Governance features a steering committee drawn from senior investigators at institutions including Johns Hopkins University, Mayo Clinic, McMaster University, Massachusetts General Hospital, and Charité – Universitätsmedizin Berlin. Operational arms include methodology working groups with members from London School of Hygiene & Tropical Medicine, University of Edinburgh, University of Melbourne, and Uppsala University, data coordination centers modeled on SCORE Trial infrastructure, and a patient and public involvement panel inspired by practices at Patient-Centered Outcomes Research Institute. Funding and oversight interact with philanthropic organizations such as Gates Foundation, government funders like Australian National Health and Medical Research Council, and multilateral funders such as European Commission programs.
The Forum has coordinated or supported pragmatic multicenter trials and platform studies in sepsis, acute respiratory failure, cardiac arrest, trauma, and perioperative complications, building on methods from trials like RECOVERY Trial, SOLIDARITY Trial, SAFE Study, and ARREST Trial. It has promoted adaptive platform designs similar to those used by REMEMBER Trial and integrated biomarker and translational components leveraging biobank partnerships with universities such as Stanford University and University of California, San Francisco. Outcomes work aligns with initiatives led by International Sepsis Forum and Global Sepsis Alliance, while statistical and health-economics contributions echo methods from International Stroke Trial and LANDMARK Trial investigators.
The Forum partners with professional societies and networks including European Society of Anaesthesiology, American Thoracic Society, International Liaison Committee on Resuscitation, International Committee of the Red Cross for field research ethics, and regional networks such as Asian Critical Care Clinical Trials Group and African Critical Care Network. It engages with funders and data platforms like Wellcome Trust, Bill & Melinda Gates Foundation, European Commission Horizon 2020, and academic publishers such as The Lancet, New England Journal of Medicine, and BMJ to promote open science and rapid dissemination. Collaboration extends to patient advocacy groups like Sepsis Alliance and regulatory agencies including European Medicines Agency and Food and Drug Administration for trial licensure and guidance.
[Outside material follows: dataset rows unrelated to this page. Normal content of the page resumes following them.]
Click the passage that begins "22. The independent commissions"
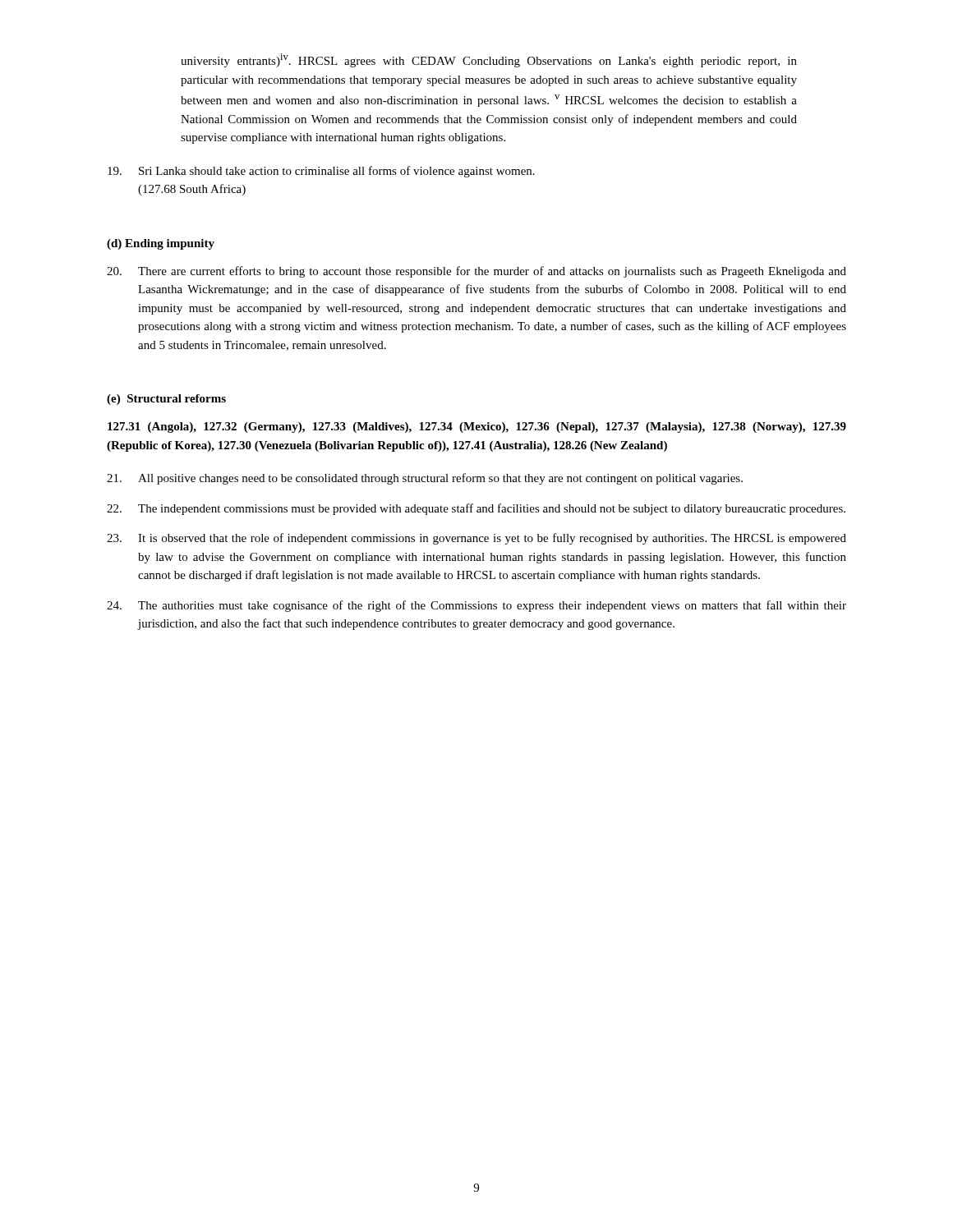The height and width of the screenshot is (1232, 953). point(476,508)
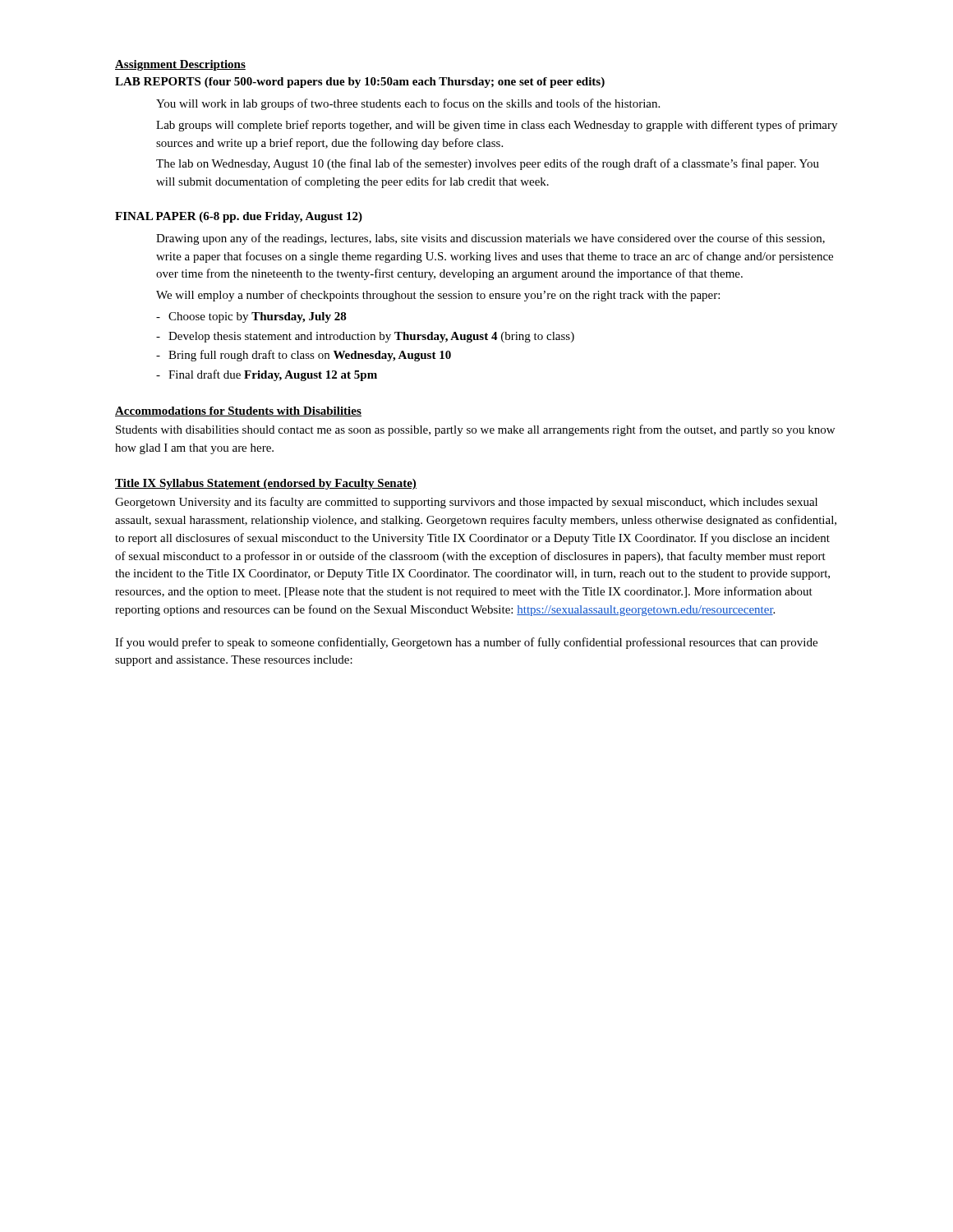This screenshot has width=953, height=1232.
Task: Find the block on this page that starts "If you would prefer to"
Action: (466, 651)
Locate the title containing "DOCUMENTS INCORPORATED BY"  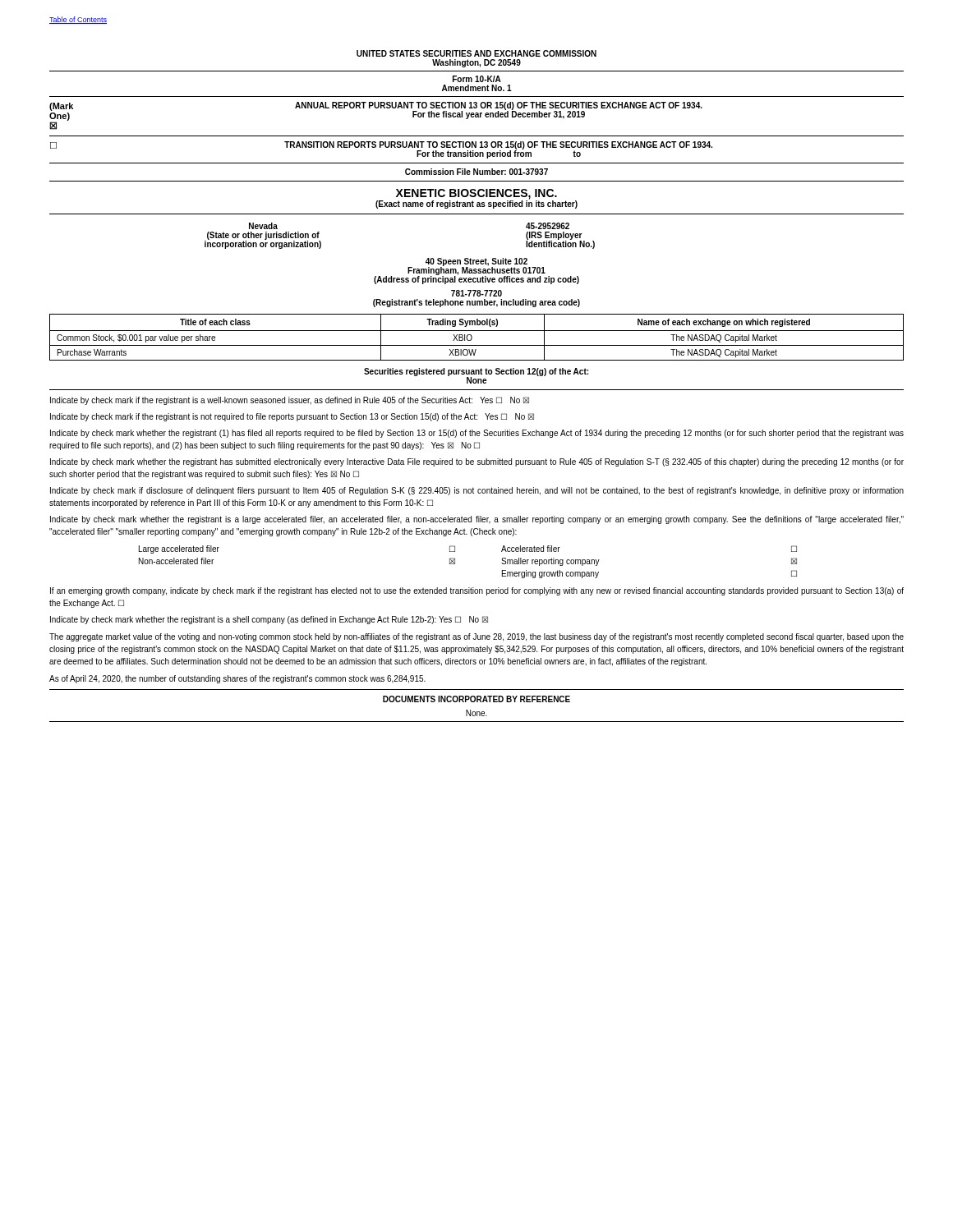pyautogui.click(x=476, y=699)

Through coordinated trials, methodological guidance, and guideline engagement, the Forum has influenced recommendations from bodies such as Surviving Sepsis Campaign, American Heart Association, European Resuscitation Council, and national health services including NHS England. Its work has contributed to changes in resuscitation protocols, sepsis bundles, transfusion practices, and perioperative risk management reflected in practice at institutions like Cleveland Clinic and Johns Hopkins Hospital. Publications arising from Forum-affiliated trials appear in major journals including The Lancet, New England Journal of Medicine, and JAMA, shaping clinical pathways and training curricula at medical schools such as Harvard Medical School and University of Oxford.